I attended my 40th High School reunion last month, and it drove home to me some superficial and deep memories. The ups and downs of my life past and present and an overwhelming since of a word that seems to run so much of our lives. And that word is “Acceptance”. At least within my own personal ruminations from my life.
Acceptance as a young person was a big deal, and still to this day. However it is managed differently, with the maturity of age, or so-called hidden maturity we call our age… “Acceptance” seems to balance the prism of so many values, both of vice and virtue - that measure our actions with both ourselves and with others. Other important and simple but related and profoundly valued words, such as “Forgiveness”, “Humility”, “Caring”, and “Acceptance”, just plain and simply resonated with me as I reviewed my old friends and moments past, and these old friends in the present.

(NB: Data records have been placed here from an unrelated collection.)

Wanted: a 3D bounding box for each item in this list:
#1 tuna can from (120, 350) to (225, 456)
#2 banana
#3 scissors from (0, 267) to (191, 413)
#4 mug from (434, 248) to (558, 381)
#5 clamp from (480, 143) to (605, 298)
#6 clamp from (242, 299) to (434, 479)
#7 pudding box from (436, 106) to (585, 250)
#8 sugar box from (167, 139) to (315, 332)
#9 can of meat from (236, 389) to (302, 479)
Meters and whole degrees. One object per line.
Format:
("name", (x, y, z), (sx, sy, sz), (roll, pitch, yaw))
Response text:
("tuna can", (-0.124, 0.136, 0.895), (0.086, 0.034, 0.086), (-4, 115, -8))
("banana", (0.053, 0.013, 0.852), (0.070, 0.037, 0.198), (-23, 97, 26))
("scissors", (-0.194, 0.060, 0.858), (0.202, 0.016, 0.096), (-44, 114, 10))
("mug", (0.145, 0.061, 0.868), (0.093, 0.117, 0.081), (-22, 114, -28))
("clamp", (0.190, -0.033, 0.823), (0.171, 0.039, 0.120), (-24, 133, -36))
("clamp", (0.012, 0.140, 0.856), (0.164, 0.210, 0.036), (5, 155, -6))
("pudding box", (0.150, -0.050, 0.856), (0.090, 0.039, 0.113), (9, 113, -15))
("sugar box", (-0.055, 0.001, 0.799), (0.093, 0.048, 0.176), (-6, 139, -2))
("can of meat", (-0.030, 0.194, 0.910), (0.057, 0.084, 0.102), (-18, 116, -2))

So this is my experience as I reflect from that High School Reunion: The simple word of acceptance, which extrapolates far beyond the plain and simple - or beyond just itself.

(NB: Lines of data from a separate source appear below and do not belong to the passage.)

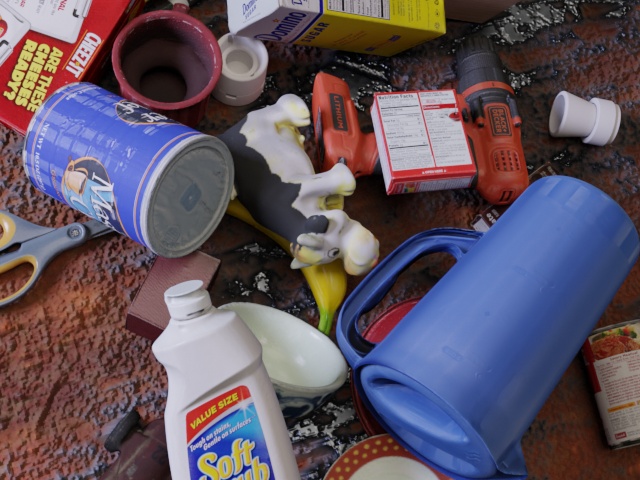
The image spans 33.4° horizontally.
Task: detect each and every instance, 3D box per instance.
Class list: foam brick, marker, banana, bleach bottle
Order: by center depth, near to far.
[{"bbox_3d":[-0.075,0.152,0.793,0.102,0.068,0.251,-14,106,2],"label":"bleach bottle"},{"bbox_3d":[-0.123,0.045,0.894,0.051,0.053,0.078,26,70,-2],"label":"foam brick"},{"bbox_3d":[-0.041,-0.007,0.934,0.198,0.037,0.069,44,62,6],"label":"banana"},{"bbox_3d":[-0.115,-0.236,1.005,0.121,0.020,0.020,-41,84,-20],"label":"marker"}]

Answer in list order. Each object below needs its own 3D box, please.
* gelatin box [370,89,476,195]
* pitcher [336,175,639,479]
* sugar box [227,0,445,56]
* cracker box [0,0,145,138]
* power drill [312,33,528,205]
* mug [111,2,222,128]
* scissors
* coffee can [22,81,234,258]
[{"bbox_3d":[0.086,-0.085,0.907,0.073,0.030,0.089,-5,62,-9],"label":"gelatin box"},{"bbox_3d":[0.139,0.056,0.846,0.242,0.145,0.149,-47,121,-24],"label":"pitcher"},{"bbox_3d":[0.015,-0.201,0.950,0.175,0.094,0.048,-2,85,-31],"label":"sugar box"},{"bbox_3d":[-0.284,-0.199,0.919,0.213,0.072,0.164,30,85,-1],"label":"cracker box"},{"bbox_3d":[0.089,-0.115,0.974,0.187,0.057,0.184,-2,57,-6],"label":"power drill"},{"bbox_3d":[-0.135,-0.152,0.941,0.093,0.082,0.117,10,71,-8],"label":"mug"},{"bbox_3d":[-0.227,-0.016,0.914,0.201,0.016,0.096,-36,82,-19],"label":"scissors"},{"bbox_3d":[-0.156,-0.059,0.867,0.140,0.103,0.102,25,66,28],"label":"coffee can"}]

So what do I mean? I am not sure I can tell you, as my rhetoric is full of ambiguity, as usual, but full of its own poetry, in a form of its own Prose. So bear with me as I ramble on… Poetry and Prose or perhaps “iambic pentameter” is the thrust of my expression. It is meant to coin or congeal a moment of thought, in simple poetry and expression that captures a feeling, an expression of time, a moment of importance and value, all in a phrase of mere words, rather than a banal phrase of sense… This is the poetry of the moment, of the caring, that transcends common spirituality, but embraces the heart of spirituality… You must understand it, not necessarily believe in it.
But I will share some of my rambling thoughts, along with an old poem, that this reunion brought to mind, that I wrote as a youngster at about 20 years old, that speaks of acceptance of self, and for the hope of acceptance from that mythical valentine we all sought, and much, much more, as I see it…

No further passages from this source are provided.